Её голос, насквозь пронзённый тревогой, отрезвил Матвея, как неожиданная острая боль. Он выдохнул, расслабленно откинулся на стул, хотя секундой назад готов был вскочить с места и устроить драку, и, повернув голову, увидел маму. Она сидела, чуть подавшись вперёд, нервно выпрямив спину и так надавливая ладонью на край стола, будто могла этим заткнуть Антону рот.
Матвей повторил себе, что скандал никому не нужен. Пара синяков или даже рассечённая скула Антона не стоит того, чтобы до побеления напугать мать. Он велел себе дышать ровнее, разжал кулаки и уселся поудобнее (стулья из прошлого комплекта однозначно были лучше, эти – сплошное мучение для его длинных ног). На Антона он больше не взглянул.
Оксана глубоко вдохнула, поглядела в свою тарелку, сердито поводив сжатыми губами, но ничего не тронула вилкой.
– Какой бы ни была эта рыжая лисица, – выговорила она. – Но устроилась так, что только позавидуешь. А муж-то у неё! Не знаю, под какой счастливой звездой надо родиться, чтобы так в жизни везло.
Повисла тишина, способная разорвать барабанные перепонки.
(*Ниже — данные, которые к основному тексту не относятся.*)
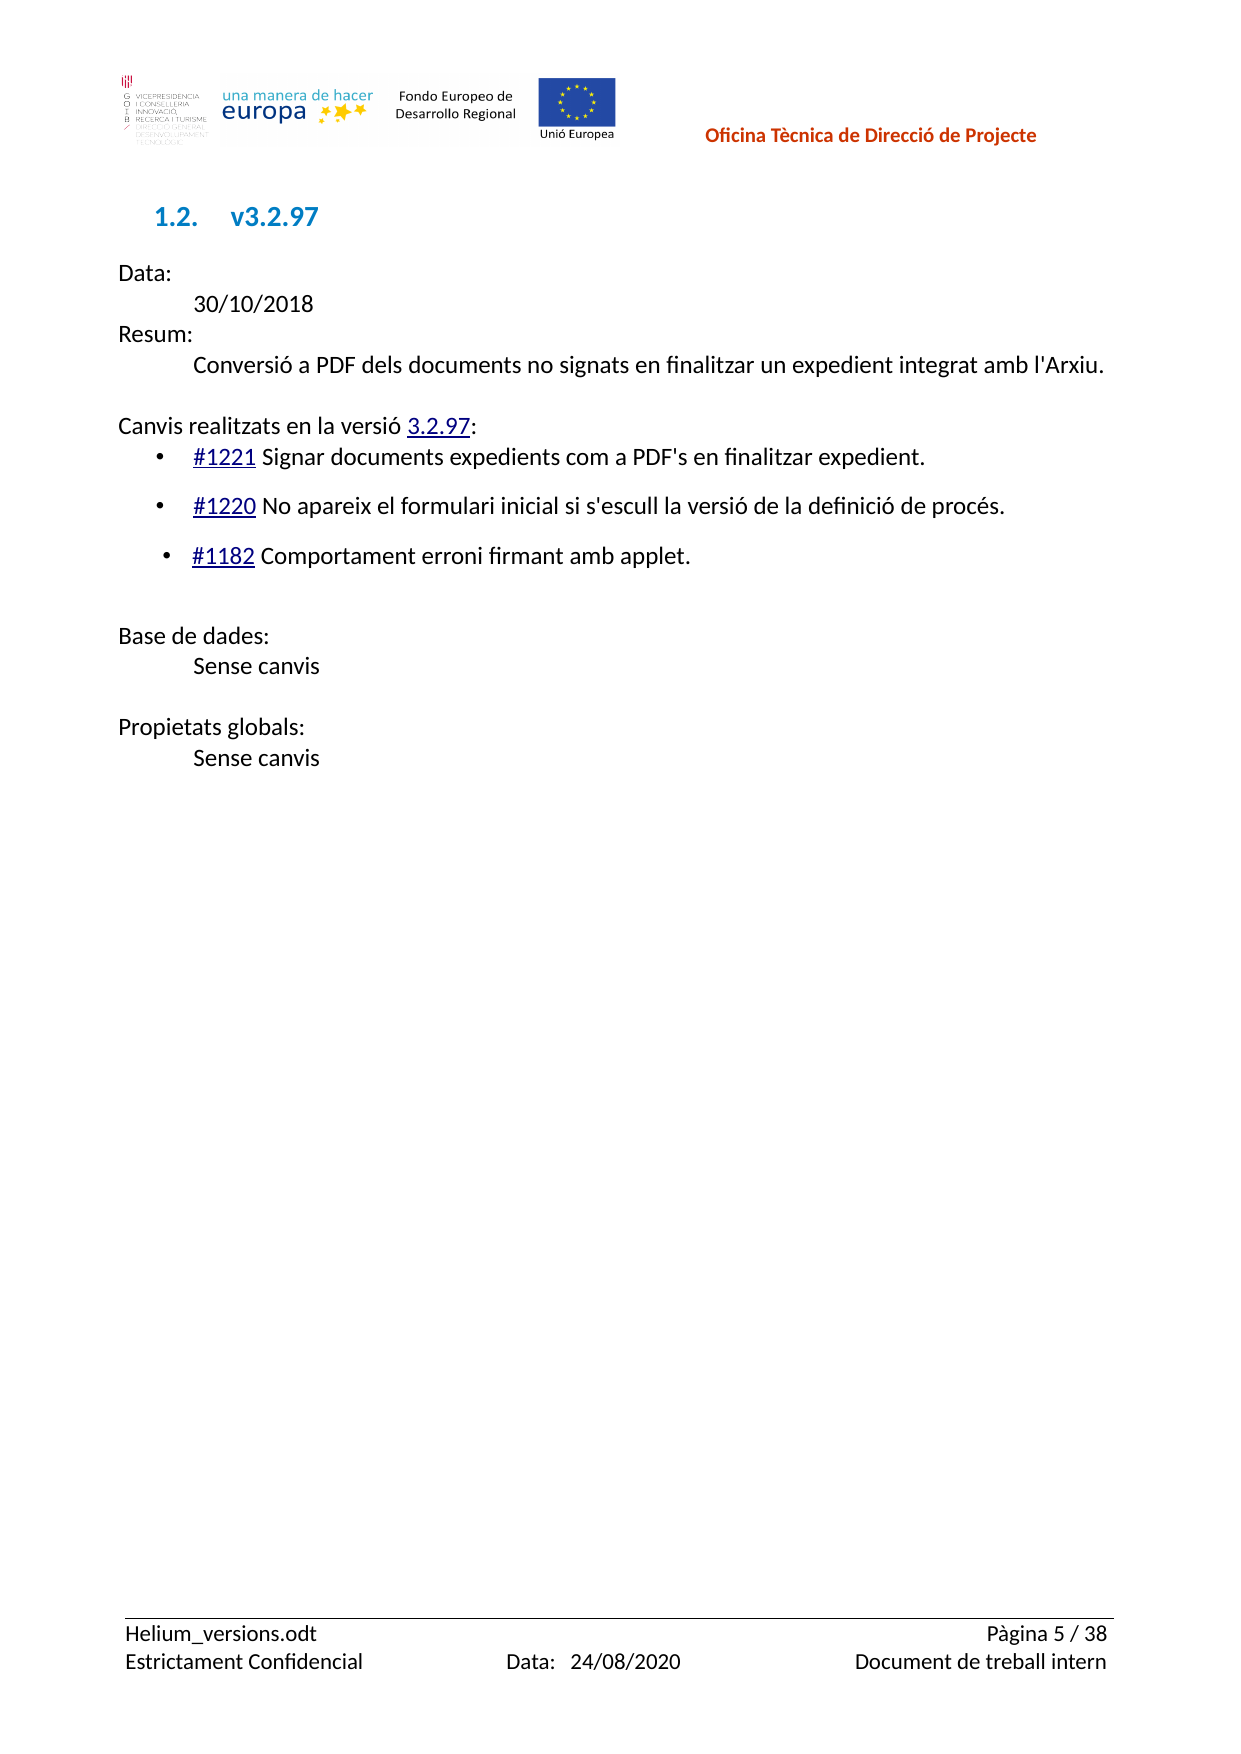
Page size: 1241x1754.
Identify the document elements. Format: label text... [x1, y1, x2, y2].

Слова попали в голову Матвея и кружились там, упорно не давая ему вникнуть в смысл фразы. Одно только слово запечатлелось чётко и прочно, готовое воплотиться в живое существо.
– Муж? – произнёс Матвей, и пол зашевелился у него под ногами.
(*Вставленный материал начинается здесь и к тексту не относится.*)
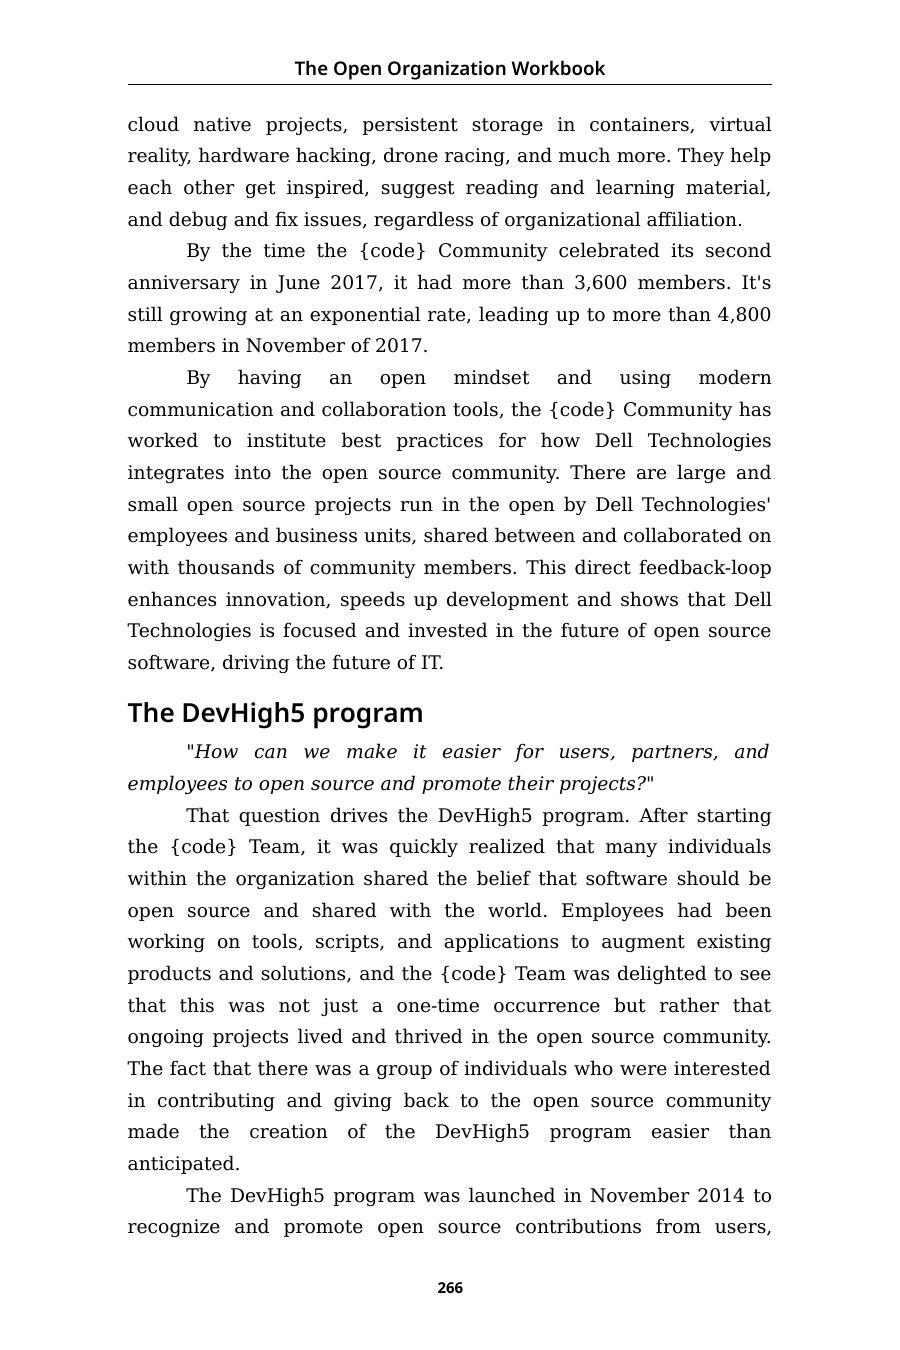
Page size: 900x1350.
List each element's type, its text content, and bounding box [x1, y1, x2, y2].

– Да, – ответила Оксана, подняла на него глаза, и её реснички часто-часто задёргались. – Погоди, а ты что, не знал, что она вышла замуж?
– Нет, – ответил Матвей, не слыша своего голоса.
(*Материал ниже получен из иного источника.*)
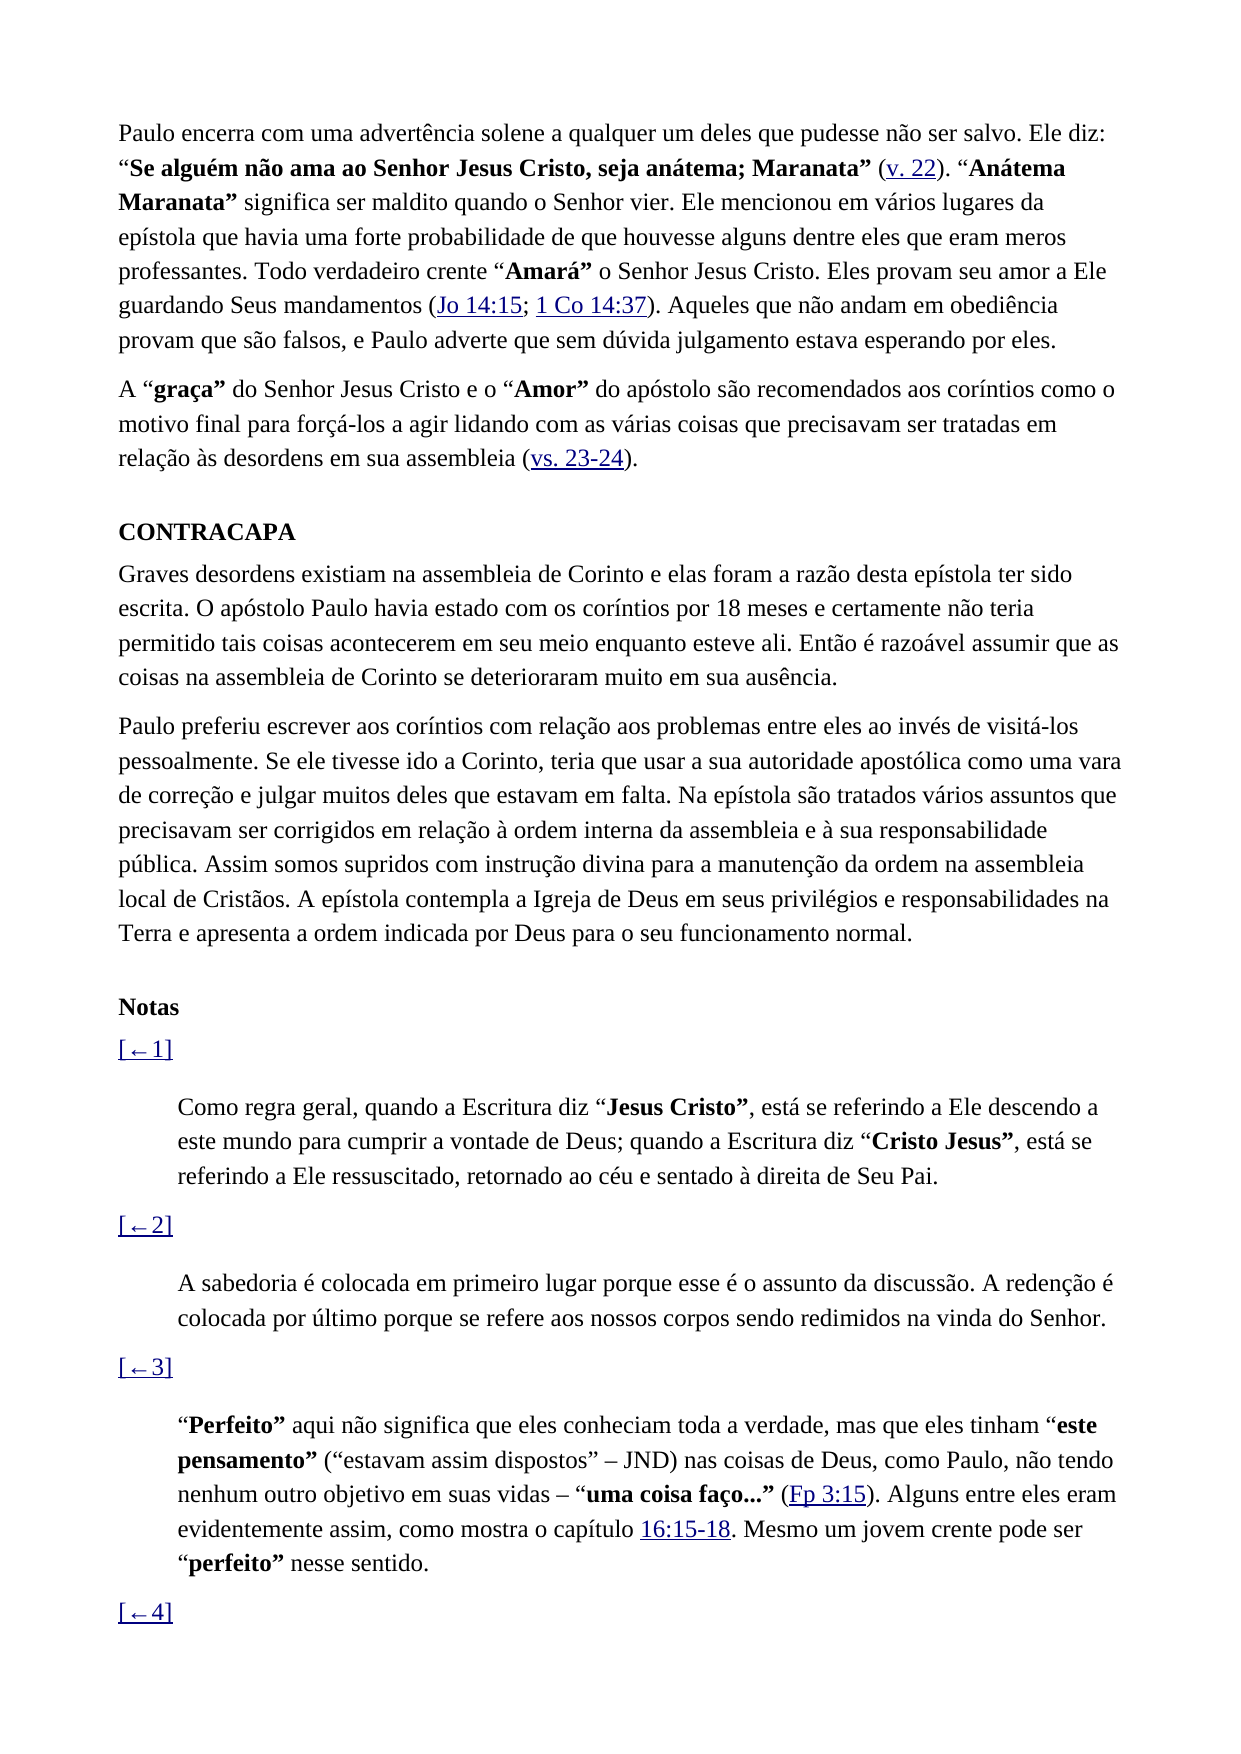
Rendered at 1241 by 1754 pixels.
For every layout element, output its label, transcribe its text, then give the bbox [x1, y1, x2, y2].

text Como regra geral, quando a Escritura diz “Jesus Cristo”, está se referindo a Ele descendo a este mundo para cumprir a vontade de Deus; quando a Escritura diz “Cristo Jesus”, está se referindo a Ele ressuscitado, retornado ao céu e sentado à direita de Seu Pai. [177, 1092, 1122, 1189]
subtitle Notas [118, 992, 1122, 1021]
subtitle [←4] [118, 1597, 1122, 1626]
text Paulo encerra com uma advertência solene a qualquer um deles que pudesse não ser salvo. Ele diz: “Se alguém não ama ao Senhor Jesus Cristo, seja anátema; Maranata” (v. 22). “Anátema Maranata” significa ser maldito quando o Senhor vier. Ele mencionou em vários lugares da epístola que havia uma forte probabilidade de que houvesse alguns dentre eles que eram meros professantes. Todo verdadeiro crente “Amará” o Senhor Jesus Cristo. Eles provam seu amor a Ele guardando Seus mandamentos (Jo 14:15; 1 Co 14:37). Aqueles que não andam em obediência provam que são falsos, e Paulo adverte que sem dúvida julgamento estava esperando por eles. [118, 118, 1122, 354]
subtitle [←1] [118, 1034, 1122, 1062]
text Paulo preferiu escrever aos coríntios com relação aos problemas entre eles ao invés de visitá-los pessoalmente. Se ele tivesse ido a Corinto, teria que usar a sua autoridade apostólica como uma vara de correção e julgar muitos deles que estavam em falta. Na epístola são tratados vários assuntos que precisavam ser corrigidos em relação à ordem interna da assembleia e à sua responsabilidade pública. Assim somos supridos com instrução divina para a manutenção da ordem na assembleia local de Cristãos. A epístola contempla a Igreja de Deus em seus privilégios e responsabilidades na Terra e apresenta a ordem indicada por Deus para o seu funcionamento normal. [118, 711, 1122, 947]
text Graves desordens existiam na assembleia de Corinto e elas foram a razão desta epístola ter sido escrita. O apóstolo Paulo havia estado com os coríntios por 18 meses e certamente não teria permitido tais coisas acontecerem em seu meio enquanto esteve ali. Então é razoável assumir que as coisas na assembleia de Corinto se deterioraram muito em sua ausência. [118, 559, 1122, 691]
text “Perfeito” aqui não significa que eles conheciam toda a verdade, mas que eles tinham “este pensamento” (“estavam assim dispostos” – JND) nas coisas de Deus, como Paulo, não tendo nenhum outro objetivo em suas vidas – “uma coisa faço...” (Fp 3:15). Alguns entre eles eram evidentemente assim, como mostra o capítulo 16:15-18. Mesmo um jovem crente pode ser “perfeito” nesse sentido. [177, 1410, 1122, 1577]
subtitle [←2] [118, 1210, 1122, 1239]
text A “graça” do Senhor Jesus Cristo e o “Amor” do apóstolo são recomendados aos coríntios como o motivo final para forçá-los a agir lidando com as várias coisas que precisavam ser tratadas em relação às desordens em sua assembleia (vs. 23-24). [118, 374, 1122, 472]
text A sabedoria é colocada em primeiro lugar porque esse é o assunto da discussão. A redenção é colocada por último porque se refere aos nossos corpos sendo redimidos na vinda do Senhor. [177, 1268, 1122, 1332]
subtitle CONTRACAPA [118, 517, 1122, 546]
subtitle [←3] [118, 1352, 1122, 1381]

Глаза Оксаны распахнулась шире.
– Да ладно! – протянула она.
И по тому, каким восторгом для неё это обернулось, Матвей понял – Оксана удивляется искренне. А впрочем, если бы она знала, какое оружие есть в её арсенале, то нашла бы более эффектный способ им воспользоваться.
Оглушённый, как от выстрела, Матвей повертел головой и заметил, что мама как-то неестественно долго и неподвижно смотрит вглубь кухни. В нём сначала тенью проскользнула, а потом возросла и затвердела страшная догадка: мама обо всём знала! Знала и молчала!
Матвей отвёл взгляд, стараясь не делать резких движений. Ему неистово захотелось опрокинуть этот чёртов стол, на котором они с Аликой столько раз занимались любовью, перебить посуду, всех выставить за порог. И никогда, никогда больше не разговаривать с матерью!
Но вместо этого он лишь сел поровнее, кашлянул, прочищая горло, и сказал:
– Что ж, рад за неё.
И разом отсёк все мысли об этом.
Профессия дала ему нечто большее, чем чисто медицинские знания. Она дала ему топор, который срубает все эмоции, как мачете тропические заросли, ведь врач не имеет права что-либо чувствовать, когда борется за жизнь пациента.